_Data in this exercise_.
- - -

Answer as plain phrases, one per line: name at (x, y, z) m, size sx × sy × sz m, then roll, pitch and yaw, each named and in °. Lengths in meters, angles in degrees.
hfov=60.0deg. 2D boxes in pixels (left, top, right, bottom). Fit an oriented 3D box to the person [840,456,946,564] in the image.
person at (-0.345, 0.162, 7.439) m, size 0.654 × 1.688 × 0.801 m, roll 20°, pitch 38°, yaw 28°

- - -

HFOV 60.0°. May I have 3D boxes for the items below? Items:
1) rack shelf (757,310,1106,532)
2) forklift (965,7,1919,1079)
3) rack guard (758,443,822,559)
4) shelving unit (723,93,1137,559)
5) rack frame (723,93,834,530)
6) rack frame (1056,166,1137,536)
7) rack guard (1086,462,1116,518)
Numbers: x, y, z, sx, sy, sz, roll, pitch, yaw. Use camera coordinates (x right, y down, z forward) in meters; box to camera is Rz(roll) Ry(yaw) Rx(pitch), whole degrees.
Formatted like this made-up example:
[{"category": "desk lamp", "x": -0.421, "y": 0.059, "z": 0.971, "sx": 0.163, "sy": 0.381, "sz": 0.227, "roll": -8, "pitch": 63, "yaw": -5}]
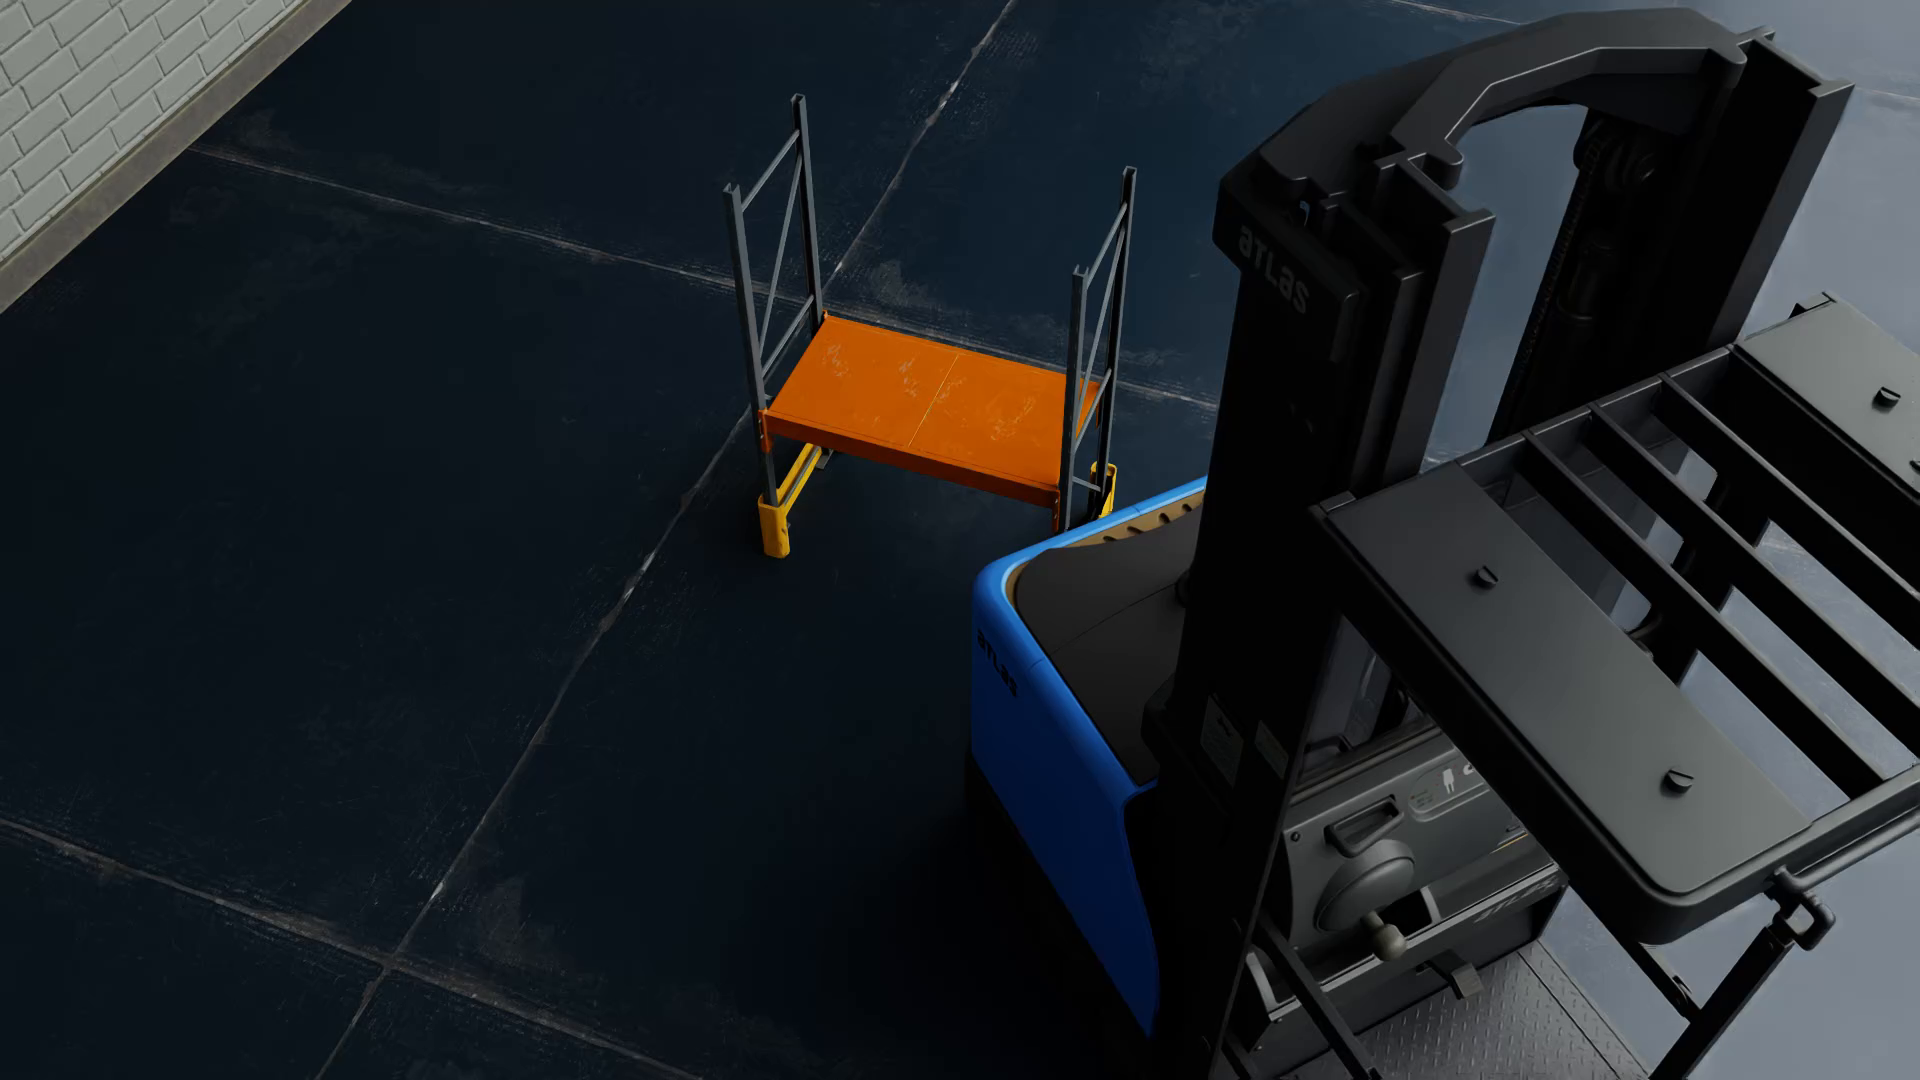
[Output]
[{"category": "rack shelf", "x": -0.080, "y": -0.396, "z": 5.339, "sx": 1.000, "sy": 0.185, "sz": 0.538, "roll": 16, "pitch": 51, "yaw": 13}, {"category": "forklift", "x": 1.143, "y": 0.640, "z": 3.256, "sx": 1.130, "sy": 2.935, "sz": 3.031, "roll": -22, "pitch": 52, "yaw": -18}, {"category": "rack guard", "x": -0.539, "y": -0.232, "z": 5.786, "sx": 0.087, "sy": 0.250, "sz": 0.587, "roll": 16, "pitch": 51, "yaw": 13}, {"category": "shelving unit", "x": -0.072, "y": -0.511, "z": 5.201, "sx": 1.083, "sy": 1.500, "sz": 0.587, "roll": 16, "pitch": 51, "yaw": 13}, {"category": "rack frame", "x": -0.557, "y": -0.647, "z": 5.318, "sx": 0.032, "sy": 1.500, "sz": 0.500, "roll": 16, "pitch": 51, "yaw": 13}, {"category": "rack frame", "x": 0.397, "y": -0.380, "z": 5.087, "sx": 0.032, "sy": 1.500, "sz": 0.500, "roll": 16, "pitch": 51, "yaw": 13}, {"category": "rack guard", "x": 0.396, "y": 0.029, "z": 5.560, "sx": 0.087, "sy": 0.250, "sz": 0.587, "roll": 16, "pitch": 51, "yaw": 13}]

- - -

_Work instructions_. For every line in the data above that holds "meters", return the line itself.

_Solution to the exercise_.
Answer as plain phrases, one per line: name at (x, y, z) m, size sx × sy × sz m, then roll, pitch and yaw, each named and in °. Lengths in meters, angles in degrees.
Numbers: x, y, z, sx, sy, sz, roll, pitch, yaw. Use camera coordinates (x right, y down, z forward) in meters; box to camera is Rz(roll) Ry(yaw) Rx(pitch), whole degrees.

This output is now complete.